### Work instructions
The output should be all lines of the entries below in which the word "Very" occurs.

Collected data
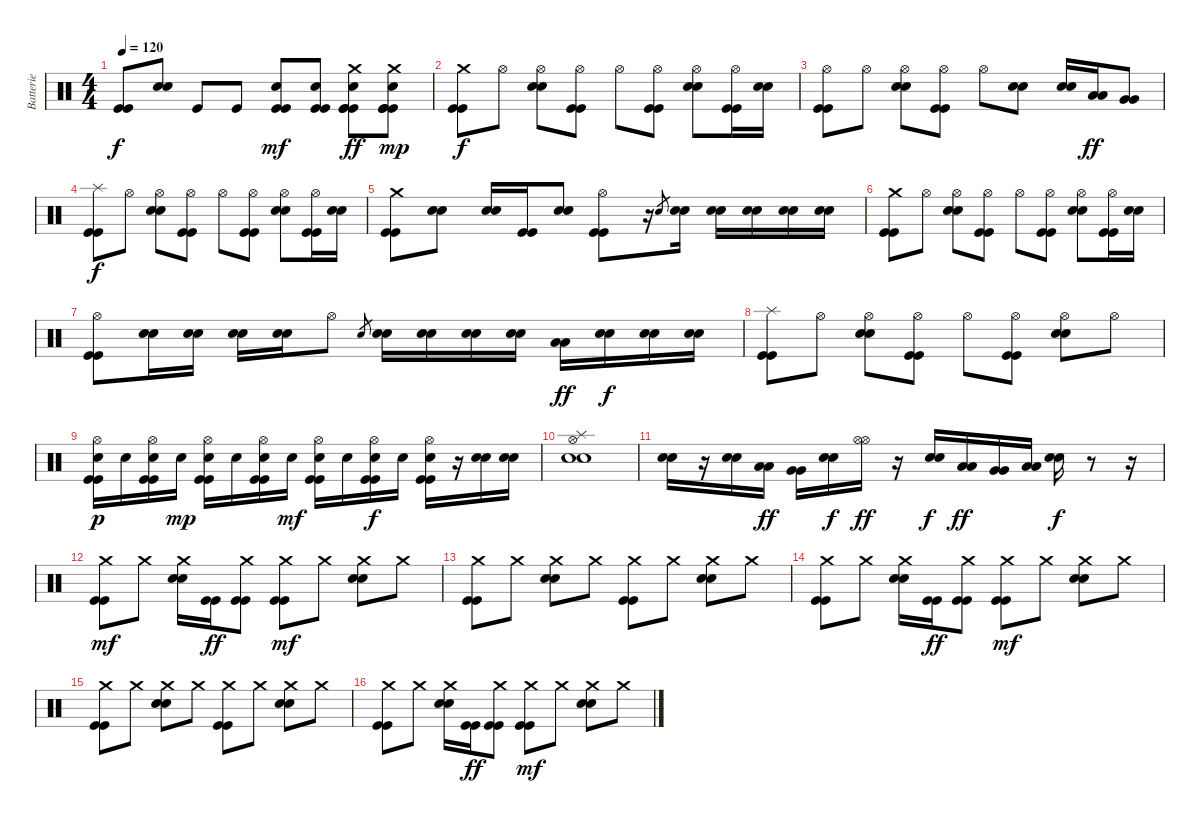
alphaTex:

\track ("Batterie" "Batterie") {instrument percussion}
\staff {score}
\articulation defaults
\ts (4 4)
\tempo 120
\clef neutral
\ks c
("Kick (hit)" "Kick (hit)").8{dy f} ("Electric Snare (hit)" "Electric Snare (hit)").8 "Kick (hit)".8 "Kick (hit)".8 ("Electric Snare (hit)" "Kick (hit)" "Kick (hit)").8{dy mf} ("Electric Snare (hit)" "Kick (hit)" "Kick (hit)").8 ("Crash medium (hit)" "Electric Snare (hit)" "Kick (hit)" "Kick (hit)" "Kick (hit)").8{dy ff} ("Crash medium (hit)" "Electric Snare (hit)" "Kick (hit)" "Kick (hit)" "Kick (hit)").8{dy mp} |
("Crash medium (hit)" "Kick (hit)" "Kick (hit)").8{dy f} "Hi-Hat (open)".8 ("Hi-Hat (open)" "Electric Snare (hit)" "Electric Snare (hit)").8 ("Hi-Hat (open)" "Kick (hit)" "Kick (hit)").8 "Hi-Hat (open)".8 ("Hi-Hat (open)" "Kick (hit)" "Kick (hit)").8 ("Hi-Hat (open)" "Electric Snare (hit)" "Electric Snare (hit)").8 ("Hi-Hat (open)" "Kick (hit)" "Kick (hit)").16 ("Electric Snare (hit)" "Electric Snare (hit)").16 |
("Hi-Hat (open)" "Kick (hit)" "Kick (hit)").8 "Hi-Hat (open)".8 ("Hi-Hat (open)" "Electric Snare (hit)" "Electric Snare (hit)").8 ("Hi-Hat (open)" "Kick (hit)" "Kick (hit)").8 "Hi-Hat (open)".8 ("Electric Snare (hit)" "Electric Snare (hit)").8 ("Electric Snare (hit)" "Electric Snare (hit)").16 ("Low Tom (hit)" "Low Tom (hit)").16{dy ff} ("Very Low Tom (hit)" "Very Low Tom (hit)").8 |
("Splash (hit)" "Kick (hit)" "Kick (hit)").8{dy f} "Hi-Hat (open)".8 ("Hi-Hat (open)" "Electric Snare (hit)" "Electric Snare (hit)").8 ("Hi-Hat (open)" "Kick (hit)" "Kick (hit)").8 "Hi-Hat (open)".8 ("Hi-Hat (open)" "Kick (hit)" "Kick (hit)").8 ("Hi-Hat (open)" "Electric Snare (hit)" "Electric Snare (hit)").8 ("Hi-Hat (open)" "Kick (hit)" "Kick (hit)").16 ("Electric Snare (hit)" "Electric Snare (hit)").16 |
("Crash medium (hit)" "Kick (hit)" "Kick (hit)").8 ("Electric Snare (hit)" "Electric Snare (hit)").8 ("Electric Snare (hit)" "Electric Snare (hit)").16 ("Kick (hit)" "Kick (hit)").16 ("Electric Snare (hit)" "Electric Snare (hit)").8 ("Hi-Hat (open)" "Kick (hit)" "Kick (hit)").8 r.16 "Electric Snare (hit)".8{gr} ("Electric Snare (hit)" "Electric Snare (hit)").16 ("Electric Snare (hit)" "Electric Snare (hit)").16 ("Electric Snare (hit)" "Electric Snare (hit)").16 ("Electric Snare (hit)" "Electric Snare (hit)").16 ("Electric Snare (hit)" "Electric Snare (hit)").16 |
("Crash medium (hit)" "Kick (hit)" "Kick (hit)").8 "Hi-Hat (open)".8 ("Hi-Hat (open)" "Electric Snare (hit)" "Electric Snare (hit)").8 ("Hi-Hat (open)" "Kick (hit)" "Kick (hit)").8 "Hi-Hat (open)".8 ("Hi-Hat (open)" "Kick (hit)" "Kick (hit)").8 ("Hi-Hat (open)" "Electric Snare (hit)" "Electric Snare (hit)").8 ("Hi-Hat (open)" "Kick (hit)" "Kick (hit)").16 ("Electric Snare (hit)" "Electric Snare (hit)").16 |
("Hi-Hat (open)" "Kick (hit)" "Kick (hit)").8 ("Electric Snare (hit)" "Electric Snare (hit)").16 ("Electric Snare (hit)" "Electric Snare (hit)").16 ("Electric Snare (hit)" "Electric Snare (hit)").16 ("Electric Snare (hit)" "Electric Snare (hit)").16 "Hi-Hat (open)".8 "Electric Snare (hit)".8{gr} ("Electric Snare (hit)" "Electric Snare (hit)").16 ("Electric Snare (hit)" "Electric Snare (hit)").16 ("Electric Snare (hit)" "Electric Snare (hit)").16 ("Electric Snare (hit)" "Electric Snare (hit)").16 ("Low Tom (hit)" "Low Floor Tom (hit)").16{dy ff} ("Electric Snare (hit)" "Electric Snare (hit)").16{dy f} ("Electric Snare (hit)" "Electric Snare (hit)").16 ("Electric Snare (hit)" "Electric Snare (hit)").16 |
("Splash (hit)" "Kick (hit)" "Kick (hit)").8 "Hi-Hat (open)".8 ("Hi-Hat (open)" "Electric Snare (hit)" "Electric Snare (hit)").8 ("Hi-Hat (open)" "Kick (hit)" "Kick (hit)").8 "Hi-Hat (open)".8 ("Hi-Hat (open)" "Kick (hit)" "Kick (hit)").8 ("Hi-Hat (open)" "Electric Snare (hit)" "Electric Snare (hit)").8 "Hi-Hat (open)".8 |
("Hi-Hat (open)" "Electric Snare (hit)" "Kick (hit)" "Kick (hit)").16{dy p} "Electric Snare (hit)".16 ("Hi-Hat (open)" "Electric Snare (hit)" "Kick (hit)" "Kick (hit)").16 "Electric Snare (hit)".16{dy mp} ("Hi-Hat (open)" "Electric Snare (hit)" "Kick (hit)" "Kick (hit)").16 "Electric Snare (hit)".16 ("Hi-Hat (open)" "Electric Snare (hit)" "Kick (hit)" "Kick (hit)").16 "Electric Snare (hit)".16{dy mf} ("Hi-Hat (open)" "Electric Snare (hit)" "Kick (hit)" "Kick (hit)").16 "Electric Snare (hit)".16 ("Hi-Hat (open)" "Electric Snare (hit)" "Kick (hit)" "Kick (hit)").16{dy f} "Electric Snare (hit)".16 ("Hi-Hat (open)" "Electric Snare (hit)" "Kick (hit)" "Kick (hit)").16 r.16 ("Electric Snare (hit)" "Electric Snare (hit)").16 ("Electric Snare (hit)" "Electric Snare (hit)").16 |
("Hi-Hat (open)" "Splash (hit)" "Electric Snare (hit)" "Electric Snare (hit)").1 |
("Electric Snare (hit)" "Electric Snare (hit)").16 r.16 ("Electric Snare (hit)" "Electric Snare (hit)").16 ("Low Tom (hit)" "Low Tom (hit)").16{dy ff} ("Very Low Tom (hit)" "Very Low Tom (hit)").16 ("Electric Snare (hit)" "Electric Snare (hit)").16{dy f} ("Hi-Hat (open)" "Hi-Hat (open)").16{dy ff} r.16 ("Electric Snare (hit)" "Electric Snare (hit)").16{dy f} ("Low Tom (hit)" "Low Tom (hit)").16{dy ff} ("Very Low Tom (hit)" "Very Low Tom (hit)").16 ("Low Floor Tom (hit)" "Low Floor Tom (hit)").16 ("Electric Snare (hit)" "Electric Snare (hit)").16{dy f} r.8 r.16 |
("Crash medium (hit)" "Kick (hit)" "Kick (hit)").8{dy mf} "Crash medium (hit)".8 ("Crash medium (hit)" "Electric Snare (hit)" "Electric Snare (hit)").16 ("Kick (hit)" "Kick (hit)").16{dy ff} ("Crash medium (hit)" "Kick (hit)" "Kick (hit)").8 ("Crash medium (hit)" "Kick (hit)" "Kick (hit)").8{dy mf} "Crash medium (hit)".8 ("Crash medium (hit)" "Electric Snare (hit)" "Electric Snare (hit)").8 "Crash medium (hit)".8 |
("Crash medium (hit)" "Kick (hit)" "Kick (hit)").8 "Crash medium (hit)".8 ("Crash medium (hit)" "Electric Snare (hit)" "Electric Snare (hit)").8 "Crash medium (hit)".8 ("Crash medium (hit)" "Kick (hit)" "Kick (hit)").8 "Crash medium (hit)".8 ("Crash medium (hit)" "Electric Snare (hit)" "Electric Snare (hit)").8 "Crash medium (hit)".8 |
("Crash medium (hit)" "Kick (hit)" "Kick (hit)").8 "Crash medium (hit)".8 ("Crash medium (hit)" "Electric Snare (hit)" "Electric Snare (hit)").16 ("Kick (hit)" "Kick (hit)").16{dy ff} ("Crash medium (hit)" "Kick (hit)" "Kick (hit)").8 ("Crash medium (hit)" "Kick (hit)" "Kick (hit)").8{dy mf} "Crash medium (hit)".8 ("Crash medium (hit)" "Electric Snare (hit)" "Electric Snare (hit)").8 "Crash medium (hit)".8 |
("Crash medium (hit)" "Kick (hit)" "Kick (hit)").8 "Crash medium (hit)".8 ("Crash medium (hit)" "Electric Snare (hit)" "Electric Snare (hit)").8 "Crash medium (hit)".8 ("Crash medium (hit)" "Kick (hit)" "Kick (hit)").8 "Crash medium (hit)".8 ("Crash medium (hit)" "Electric Snare (hit)" "Electric Snare (hit)").8 "Crash medium (hit)".8 |
("Crash medium (hit)" "Kick (hit)" "Kick (hit)").8 "Crash medium (hit)".8 ("Crash medium (hit)" "Electric Snare (hit)" "Electric Snare (hit)").16 ("Kick (hit)" "Kick (hit)").16{dy ff} ("Crash medium (hit)" "Kick (hit)" "Kick (hit)").8 ("Crash medium (hit)" "Kick (hit)" "Kick (hit)").8{dy mf} "Crash medium (hit)".8 ("Crash medium (hit)" "Electric Snare (hit)" "Electric Snare (hit)").8 "Crash medium (hit)".8

### Written solution
("Hi-Hat (open)" "Kick (hit)" "Kick (hit)").8 "Hi-Hat (open)".8 ("Hi-Hat (open)" "Electric Snare (hit)" "Electric Snare (hit)").8 ("Hi-Hat (open)" "Kick (hit)" "Kick (hit)").8 "Hi-Hat (open)".8 ("Electric Snare (hit)" "Electric Snare (hit)").8 ("Electric Snare (hit)" "Electric Snare (hit)").16 ("Low Tom (hit)" "Low Tom (hit)").16{dy ff} ("Very Low Tom (hit)" "Very Low Tom (hit)").8 |
("Electric Snare (hit)" "Electric Snare (hit)").16 r.16 ("Electric Snare (hit)" "Electric Snare (hit)").16 ("Low Tom (hit)" "Low Tom (hit)").16{dy ff} ("Very Low Tom (hit)" "Very Low Tom (hit)").16 ("Electric Snare (hit)" "Electric Snare (hit)").16{dy f} ("Hi-Hat (open)" "Hi-Hat (open)").16{dy ff} r.16 ("Electric Snare (hit)" "Electric Snare (hit)").16{dy f} ("Low Tom (hit)" "Low Tom (hit)").16{dy ff} ("Very Low Tom (hit)" "Very Low Tom (hit)").16 ("Low Floor Tom (hit)" "Low Floor Tom (hit)").16 ("Electric Snare (hit)" "Electric Snare (hit)").16{dy f} r.8 r.16 |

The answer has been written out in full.